** EXERCISE DIRECTIONS **
In the material below, the required lines run from the one containing "Horizontal field of view: 67.6 degrees." through the one containing "Object in question: the". Copy those lines exactly, ends included, and nothing else.

--- START ---

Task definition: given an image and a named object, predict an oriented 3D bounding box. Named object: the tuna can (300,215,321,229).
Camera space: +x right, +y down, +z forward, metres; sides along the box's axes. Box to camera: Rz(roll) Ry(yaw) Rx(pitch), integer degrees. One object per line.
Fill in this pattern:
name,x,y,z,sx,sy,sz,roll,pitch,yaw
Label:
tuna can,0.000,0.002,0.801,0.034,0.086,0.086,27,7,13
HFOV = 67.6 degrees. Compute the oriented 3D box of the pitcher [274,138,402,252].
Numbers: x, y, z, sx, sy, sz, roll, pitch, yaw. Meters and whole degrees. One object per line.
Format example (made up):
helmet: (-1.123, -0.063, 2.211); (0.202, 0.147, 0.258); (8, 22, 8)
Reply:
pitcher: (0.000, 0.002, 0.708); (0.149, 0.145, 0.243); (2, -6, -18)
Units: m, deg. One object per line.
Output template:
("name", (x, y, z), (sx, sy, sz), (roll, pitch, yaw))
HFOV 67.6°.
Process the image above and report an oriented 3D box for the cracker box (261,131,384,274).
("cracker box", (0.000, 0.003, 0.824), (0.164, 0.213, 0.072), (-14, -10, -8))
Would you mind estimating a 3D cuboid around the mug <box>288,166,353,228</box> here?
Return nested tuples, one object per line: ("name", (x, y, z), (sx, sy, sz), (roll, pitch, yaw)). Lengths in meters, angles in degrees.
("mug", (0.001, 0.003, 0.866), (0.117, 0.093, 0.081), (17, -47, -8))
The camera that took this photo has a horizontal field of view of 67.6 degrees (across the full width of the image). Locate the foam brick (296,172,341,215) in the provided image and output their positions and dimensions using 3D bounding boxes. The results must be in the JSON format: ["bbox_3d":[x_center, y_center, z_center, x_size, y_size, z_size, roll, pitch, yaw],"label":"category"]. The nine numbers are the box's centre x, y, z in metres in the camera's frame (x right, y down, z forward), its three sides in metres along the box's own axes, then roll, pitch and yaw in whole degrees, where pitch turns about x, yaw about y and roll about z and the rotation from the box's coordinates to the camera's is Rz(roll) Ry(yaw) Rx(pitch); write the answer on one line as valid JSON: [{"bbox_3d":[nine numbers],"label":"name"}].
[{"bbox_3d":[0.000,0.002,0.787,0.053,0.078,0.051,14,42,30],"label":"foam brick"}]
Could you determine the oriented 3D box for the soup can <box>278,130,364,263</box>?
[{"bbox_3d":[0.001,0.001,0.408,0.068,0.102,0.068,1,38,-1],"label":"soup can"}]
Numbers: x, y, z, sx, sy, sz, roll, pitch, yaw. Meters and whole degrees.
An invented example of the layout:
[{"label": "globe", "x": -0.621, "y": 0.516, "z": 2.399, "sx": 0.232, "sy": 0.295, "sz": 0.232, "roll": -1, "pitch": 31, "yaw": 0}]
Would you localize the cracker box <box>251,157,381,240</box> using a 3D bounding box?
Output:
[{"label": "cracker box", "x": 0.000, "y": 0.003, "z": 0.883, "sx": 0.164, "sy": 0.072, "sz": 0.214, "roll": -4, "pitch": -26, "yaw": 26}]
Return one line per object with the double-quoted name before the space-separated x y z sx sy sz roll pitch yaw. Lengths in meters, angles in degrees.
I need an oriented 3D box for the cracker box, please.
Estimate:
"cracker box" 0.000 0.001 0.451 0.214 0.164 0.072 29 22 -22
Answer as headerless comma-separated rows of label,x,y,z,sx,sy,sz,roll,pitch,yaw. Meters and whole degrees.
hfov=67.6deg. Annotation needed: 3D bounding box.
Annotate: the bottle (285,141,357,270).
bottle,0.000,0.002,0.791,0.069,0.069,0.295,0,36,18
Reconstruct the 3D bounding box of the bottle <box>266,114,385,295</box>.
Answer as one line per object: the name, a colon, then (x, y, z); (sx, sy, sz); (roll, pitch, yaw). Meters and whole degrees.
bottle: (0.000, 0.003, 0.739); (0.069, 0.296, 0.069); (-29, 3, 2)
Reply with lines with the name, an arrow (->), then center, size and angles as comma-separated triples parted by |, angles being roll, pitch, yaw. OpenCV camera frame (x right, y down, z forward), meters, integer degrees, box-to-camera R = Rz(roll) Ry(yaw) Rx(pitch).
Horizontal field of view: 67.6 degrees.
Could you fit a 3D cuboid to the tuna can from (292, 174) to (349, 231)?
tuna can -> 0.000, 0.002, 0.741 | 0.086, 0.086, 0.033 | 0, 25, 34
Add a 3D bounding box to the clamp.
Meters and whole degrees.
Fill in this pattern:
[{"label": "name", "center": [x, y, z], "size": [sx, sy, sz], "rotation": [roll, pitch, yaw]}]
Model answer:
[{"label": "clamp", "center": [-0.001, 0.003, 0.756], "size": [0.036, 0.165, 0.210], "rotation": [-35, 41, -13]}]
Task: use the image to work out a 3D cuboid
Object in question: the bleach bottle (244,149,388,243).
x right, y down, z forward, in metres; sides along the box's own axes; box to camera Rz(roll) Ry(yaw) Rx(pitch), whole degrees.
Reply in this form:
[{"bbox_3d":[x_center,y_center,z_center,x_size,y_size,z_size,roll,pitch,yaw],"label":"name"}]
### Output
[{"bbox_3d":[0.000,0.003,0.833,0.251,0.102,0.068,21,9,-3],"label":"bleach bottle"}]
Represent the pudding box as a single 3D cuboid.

--- END ---

** RESULT OF THIS EXERCISE **
Horizontal field of view: 67.6 degrees.
Could you fit a 3D cuboid to the tuna can from (292, 174) to (349, 231)?
tuna can -> 0.000, 0.002, 0.741 | 0.086, 0.086, 0.033 | 0, 25, 34
Add a 3D bounding box to the clamp.
Meters and whole degrees.
Fill in this pattern:
[{"label": "name", "center": [x, y, z], "size": [sx, sy, sz], "rotation": [roll, pitch, yaw]}]
Model answer:
[{"label": "clamp", "center": [-0.001, 0.003, 0.756], "size": [0.036, 0.165, 0.210], "rotation": [-35, 41, -13]}]
Task: use the image to work out a 3D cuboid
Object in question: the bleach bottle (244,149,388,243).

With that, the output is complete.